* Task *
Repeat the lines below exactly as written, please, from the line with "1) sneaker from (192, 0) to (290, 103)" to the line with "12) box from (181, 167) to (279, 398)", both lines included, and no others.

* Data extracts *
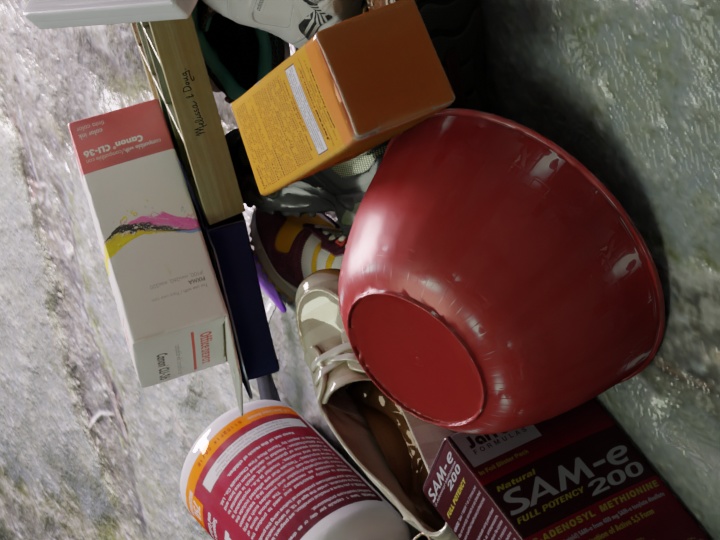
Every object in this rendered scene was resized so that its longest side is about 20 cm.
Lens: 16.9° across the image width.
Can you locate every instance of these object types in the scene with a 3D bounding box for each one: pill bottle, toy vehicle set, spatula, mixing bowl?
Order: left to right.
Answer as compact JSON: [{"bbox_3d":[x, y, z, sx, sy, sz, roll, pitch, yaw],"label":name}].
[{"bbox_3d":[-0.124,-0.142,1.561,0.124,0.026,0.200,-118,11,-47],"label":"toy vehicle set"},{"bbox_3d":[-0.072,0.053,1.827,0.057,0.021,0.200,48,150,45],"label":"spatula"},{"bbox_3d":[-0.036,0.192,1.772,0.200,0.113,0.113,42,145,40],"label":"pill bottle"},{"bbox_3d":[0.062,0.019,1.386,0.200,0.108,0.200,27,142,24],"label":"mixing bowl"}]

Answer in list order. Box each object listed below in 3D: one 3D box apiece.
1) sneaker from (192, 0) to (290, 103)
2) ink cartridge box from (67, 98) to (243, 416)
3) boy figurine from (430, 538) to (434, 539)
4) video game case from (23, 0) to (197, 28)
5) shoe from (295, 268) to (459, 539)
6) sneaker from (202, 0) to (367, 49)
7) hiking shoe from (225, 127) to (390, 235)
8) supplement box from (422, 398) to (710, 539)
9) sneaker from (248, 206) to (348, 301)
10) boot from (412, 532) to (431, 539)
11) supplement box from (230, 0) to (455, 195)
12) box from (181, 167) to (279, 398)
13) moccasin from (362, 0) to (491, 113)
[{"bbox_3d":[-0.093,-0.193,1.573,0.091,0.078,0.200,-103,-10,-72],"label":"sneaker"},{"bbox_3d":[-0.135,0.002,1.620,0.116,0.067,0.200,94,159,-72],"label":"ink cartridge box"},{"bbox_3d":[0.114,0.242,1.548,0.124,0.064,0.200,-45,81,17],"label":"boy figurine"},{"bbox_3d":[-0.111,-0.232,1.456,0.143,0.200,0.018,2,149,45],"label":"video game case"},{"bbox_3d":[0.015,0.084,1.514,0.070,0.053,0.200,-41,73,28],"label":"shoe"},{"bbox_3d":[-0.049,-0.193,1.440,0.115,0.075,0.200,23,159,12],"label":"sneaker"},{"bbox_3d":[-0.022,-0.086,1.580,0.200,0.076,0.101,17,115,48],"label":"hiking shoe"},{"bbox_3d":[0.140,0.169,1.429,0.200,0.109,0.061,51,146,26],"label":"supplement box"},{"bbox_3d":[0.000,0.000,1.609,0.200,0.075,0.090,54,129,32],"label":"sneaker"},{"bbox_3d":[0.070,0.243,1.661,0.074,0.075,0.200,34,141,47],"label":"boot"},{"bbox_3d":[-0.015,-0.096,1.388,0.069,0.067,0.200,66,161,2],"label":"supplement box"},{"bbox_3d":[-0.094,-0.007,1.690,0.200,0.032,0.121,-116,13,-61],"label":"box"},{"bbox_3d":[0.035,-0.128,1.429,0.078,0.074,0.201,21,140,44],"label":"moccasin"}]

* Answer box *
1) sneaker from (192, 0) to (290, 103)
2) ink cartridge box from (67, 98) to (243, 416)
3) boy figurine from (430, 538) to (434, 539)
4) video game case from (23, 0) to (197, 28)
5) shoe from (295, 268) to (459, 539)
6) sneaker from (202, 0) to (367, 49)
7) hiking shoe from (225, 127) to (390, 235)
8) supplement box from (422, 398) to (710, 539)
9) sneaker from (248, 206) to (348, 301)
10) boot from (412, 532) to (431, 539)
11) supplement box from (230, 0) to (455, 195)
12) box from (181, 167) to (279, 398)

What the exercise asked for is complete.